Data items:
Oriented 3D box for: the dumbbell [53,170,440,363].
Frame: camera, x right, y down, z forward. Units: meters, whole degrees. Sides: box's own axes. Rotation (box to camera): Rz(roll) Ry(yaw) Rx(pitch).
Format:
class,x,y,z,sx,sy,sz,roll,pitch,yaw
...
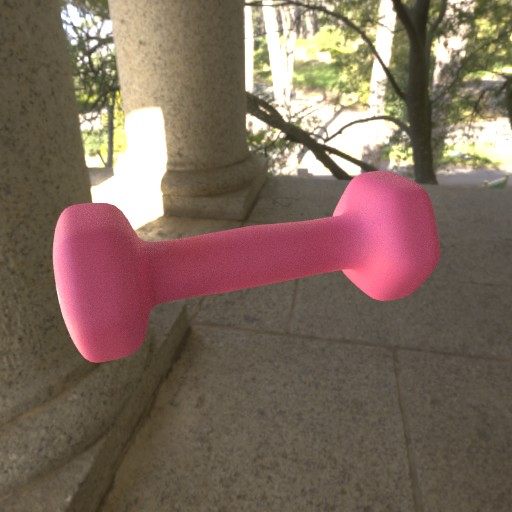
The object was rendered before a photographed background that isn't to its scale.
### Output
class,x,y,z,sx,sy,sz,roll,pitch,yaw
dumbbell,0.000,0.000,0.177,0.146,0.053,0.058,-9,28,-17

(ASSIGNMENT):
Working from the data above, repeat exactly, and only, the lines that begin at the line containing "Frame: camera, x" and stop after the line containing "The object was"; pictures are not copied.

(TASK RESULT):
Frame: camera, x right, y down, z forward. Units: meters, whole degrees. Sides: box's own axes. Rotation (box to camera): Rz(roll) Ry(yaw) Rx(pitch).
Format:
class,x,y,z,sx,sy,sz,roll,pitch,yaw
...
The object was rendered before a photographed background that isn't to its scale.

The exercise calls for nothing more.